The modernization of the Land Forces began around 2006, starting with Special Forces such as the BFS (then known as the Batalioni i Operacioneve Speciale, BOS) and the Commandos. Seeing their involvement in NATO peacekeeping operations in Iraq and Afghanistan, the need arose for more modern armaments given that until then these branches used old Soviet or Chinese era armaments.

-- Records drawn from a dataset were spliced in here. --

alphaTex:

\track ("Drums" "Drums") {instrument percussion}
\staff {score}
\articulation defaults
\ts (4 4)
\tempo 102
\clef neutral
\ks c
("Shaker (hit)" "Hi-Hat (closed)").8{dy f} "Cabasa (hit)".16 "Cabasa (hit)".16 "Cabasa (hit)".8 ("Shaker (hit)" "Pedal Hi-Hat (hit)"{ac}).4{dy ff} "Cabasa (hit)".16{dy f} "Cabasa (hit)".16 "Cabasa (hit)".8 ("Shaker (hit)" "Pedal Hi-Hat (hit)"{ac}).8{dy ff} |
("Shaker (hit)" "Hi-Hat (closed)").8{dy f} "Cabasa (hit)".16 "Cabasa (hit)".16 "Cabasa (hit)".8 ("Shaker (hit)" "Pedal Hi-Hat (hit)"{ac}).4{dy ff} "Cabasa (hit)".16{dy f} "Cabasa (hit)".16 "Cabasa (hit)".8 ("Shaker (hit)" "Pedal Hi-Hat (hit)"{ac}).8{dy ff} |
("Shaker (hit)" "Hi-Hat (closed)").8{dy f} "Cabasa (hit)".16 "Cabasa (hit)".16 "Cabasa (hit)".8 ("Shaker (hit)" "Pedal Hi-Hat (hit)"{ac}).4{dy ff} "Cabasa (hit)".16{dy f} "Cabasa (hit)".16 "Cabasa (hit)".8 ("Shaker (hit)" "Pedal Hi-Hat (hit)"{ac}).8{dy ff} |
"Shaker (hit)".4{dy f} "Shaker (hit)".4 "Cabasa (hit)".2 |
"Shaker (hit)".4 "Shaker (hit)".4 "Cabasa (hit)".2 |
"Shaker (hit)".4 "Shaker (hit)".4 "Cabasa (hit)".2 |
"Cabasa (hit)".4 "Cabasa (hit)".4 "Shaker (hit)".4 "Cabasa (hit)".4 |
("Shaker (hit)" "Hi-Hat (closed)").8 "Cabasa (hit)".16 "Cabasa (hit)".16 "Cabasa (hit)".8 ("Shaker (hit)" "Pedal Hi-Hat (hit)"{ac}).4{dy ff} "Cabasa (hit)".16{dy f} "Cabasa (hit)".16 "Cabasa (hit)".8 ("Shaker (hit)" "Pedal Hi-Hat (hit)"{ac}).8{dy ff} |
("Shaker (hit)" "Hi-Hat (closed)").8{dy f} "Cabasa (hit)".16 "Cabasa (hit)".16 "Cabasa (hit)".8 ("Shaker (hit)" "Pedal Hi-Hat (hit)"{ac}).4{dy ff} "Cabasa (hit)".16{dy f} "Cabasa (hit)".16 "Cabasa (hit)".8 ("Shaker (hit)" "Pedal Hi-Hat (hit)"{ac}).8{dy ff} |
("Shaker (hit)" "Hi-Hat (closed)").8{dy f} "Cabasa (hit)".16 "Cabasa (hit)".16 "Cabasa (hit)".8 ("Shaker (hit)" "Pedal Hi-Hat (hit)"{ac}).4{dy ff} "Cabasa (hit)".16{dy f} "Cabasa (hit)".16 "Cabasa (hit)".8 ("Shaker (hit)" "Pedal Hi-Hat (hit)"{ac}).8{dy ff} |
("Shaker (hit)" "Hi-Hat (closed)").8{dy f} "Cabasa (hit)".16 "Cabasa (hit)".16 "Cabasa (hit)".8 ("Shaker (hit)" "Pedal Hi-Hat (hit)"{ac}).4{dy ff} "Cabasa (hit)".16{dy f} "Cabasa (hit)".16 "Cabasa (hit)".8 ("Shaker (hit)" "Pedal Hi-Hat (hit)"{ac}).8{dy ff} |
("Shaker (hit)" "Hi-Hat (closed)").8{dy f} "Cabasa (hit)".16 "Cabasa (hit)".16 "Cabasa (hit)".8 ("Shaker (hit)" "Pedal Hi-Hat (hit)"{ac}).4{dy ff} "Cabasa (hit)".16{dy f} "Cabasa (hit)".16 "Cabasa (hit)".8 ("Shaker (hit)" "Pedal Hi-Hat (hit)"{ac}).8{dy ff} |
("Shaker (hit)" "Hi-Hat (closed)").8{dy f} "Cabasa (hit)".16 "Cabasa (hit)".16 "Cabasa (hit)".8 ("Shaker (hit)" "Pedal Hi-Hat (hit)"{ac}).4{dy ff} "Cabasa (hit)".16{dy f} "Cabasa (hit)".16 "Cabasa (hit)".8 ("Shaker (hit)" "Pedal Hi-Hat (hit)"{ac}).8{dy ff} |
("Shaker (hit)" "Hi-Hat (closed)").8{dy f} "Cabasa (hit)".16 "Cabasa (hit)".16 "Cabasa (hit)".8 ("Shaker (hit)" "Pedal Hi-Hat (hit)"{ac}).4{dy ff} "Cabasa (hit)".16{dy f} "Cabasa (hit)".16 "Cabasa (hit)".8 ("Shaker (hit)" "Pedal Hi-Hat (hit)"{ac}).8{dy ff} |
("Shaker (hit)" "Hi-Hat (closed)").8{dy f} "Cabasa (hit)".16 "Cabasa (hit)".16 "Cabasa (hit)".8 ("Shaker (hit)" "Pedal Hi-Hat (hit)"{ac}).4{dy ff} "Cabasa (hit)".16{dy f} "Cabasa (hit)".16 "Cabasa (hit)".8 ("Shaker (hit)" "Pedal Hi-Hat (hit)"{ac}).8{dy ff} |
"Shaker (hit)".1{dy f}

In 2007, the Ministry of Defense (MOD) reached agreement with the German company Heckler & Koch for the purchase of several weapons in limited quantities for special forces, including HK416, two variants of H&K G36, HK417, MP7, and variants of H&K USP. Some of them were only for evaluation purposes. In 2009 the Beretta ARX160 was issued in much larger quantities thus becoming the standard assault rifle for the BFS over the HK416 and HK G-36. In 2015, the Colt M4A1 joined ARX160 as standard use alongside it. For the 3 infantry battalions, the modernization started in 2013, initially introducing the as standard handgun the Beretta Px4, as a light machine gun H&K MG4 and H&K MG5 as a General-purpose machine gun.

In 2015 other weapons were introduced over all ground units. The 2nd Infantry Battalion (B2K) was equipped with Colt M4A1. The Military Police was equipped with the Beretta ARX160 and added 4 new Iveco LMV vehicles. The Sako TRG-22 and TGR-44 were distributed to all sniper units, while the Benelli M4 Super 90 to the BFS and MP for Close-quarters combat.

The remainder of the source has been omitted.